- _Work task_
Give back every entry precisely as written, without any of the images.

Source data:
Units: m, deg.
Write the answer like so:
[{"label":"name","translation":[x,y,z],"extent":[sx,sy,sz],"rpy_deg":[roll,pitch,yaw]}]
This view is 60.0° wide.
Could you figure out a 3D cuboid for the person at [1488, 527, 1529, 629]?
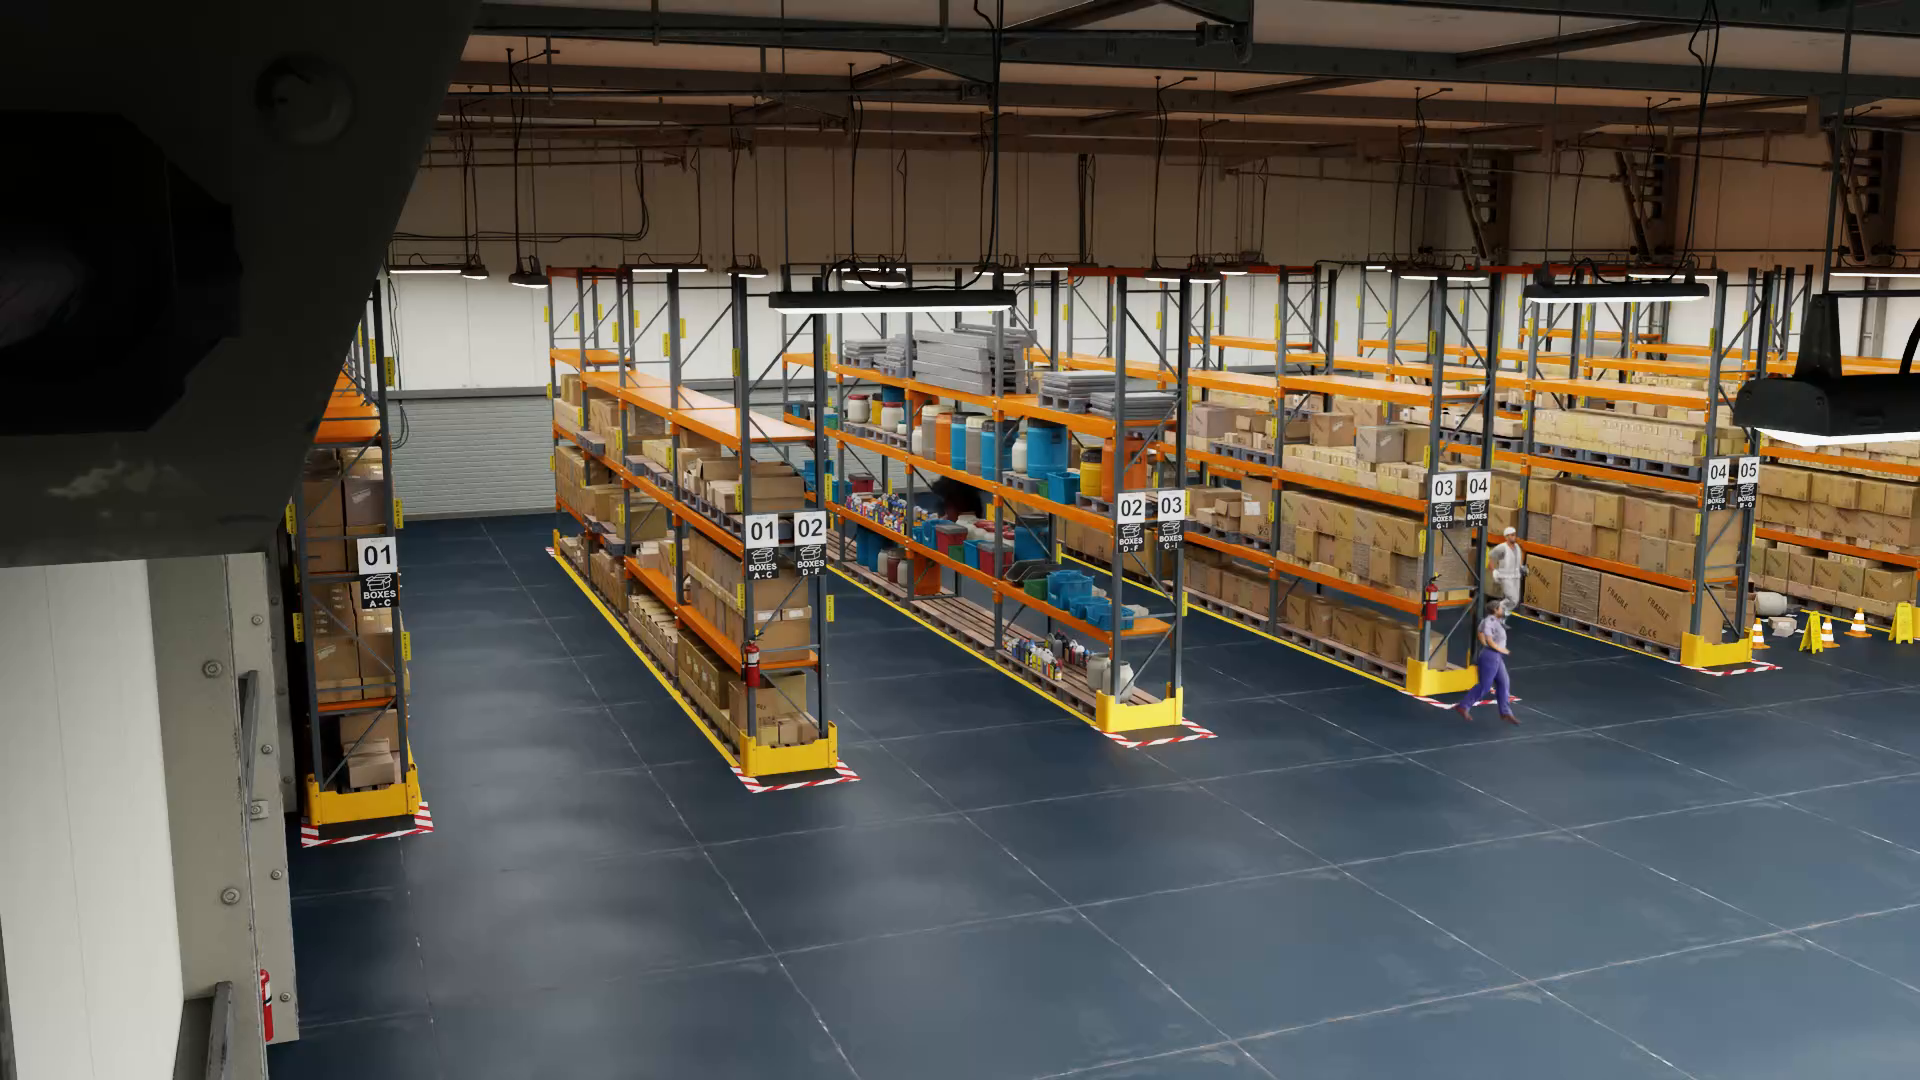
[{"label":"person","translation":[9.228,0.652,27.849],"extent":[0.650,1.740,0.577],"rpy_deg":[-5,11,-28]}]

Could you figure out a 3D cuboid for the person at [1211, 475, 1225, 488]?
[{"label":"person","translation":[6.465,-1.664,41.398],"extent":[0.758,1.719,0.593],"rpy_deg":[5,11,25]}]

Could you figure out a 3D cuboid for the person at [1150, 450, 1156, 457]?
[{"label":"person","translation":[4.498,-1.265,38.984],"extent":[0.764,1.713,0.816],"rpy_deg":[0,10,0]}]

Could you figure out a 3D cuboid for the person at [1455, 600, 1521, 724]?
[{"label":"person","translation":[7.198,1.631,22.518],"extent":[0.867,1.641,0.691],"rpy_deg":[3,10,19]}]

- _Answer space_
Units: m, deg.
Write the answer like so:
[{"label":"name","translation":[x,y,z],"extent":[sx,sy,sz],"rpy_deg":[roll,pitch,yaw]}]
This view is 60.0° wide.
Could you figure out a 3D cuboid for the person at [1488, 527, 1529, 629]?
[{"label":"person","translation":[9.228,0.652,27.849],"extent":[0.650,1.740,0.577],"rpy_deg":[-5,11,-28]}]

Could you figure out a 3D cuboid for the person at [1211, 475, 1225, 488]?
[{"label":"person","translation":[6.465,-1.664,41.398],"extent":[0.758,1.719,0.593],"rpy_deg":[5,11,25]}]

Could you figure out a 3D cuboid for the person at [1150, 450, 1156, 457]?
[{"label":"person","translation":[4.498,-1.265,38.984],"extent":[0.764,1.713,0.816],"rpy_deg":[0,10,0]}]

Could you figure out a 3D cuboid for the person at [1455, 600, 1521, 724]?
[{"label":"person","translation":[7.198,1.631,22.518],"extent":[0.867,1.641,0.691],"rpy_deg":[3,10,19]}]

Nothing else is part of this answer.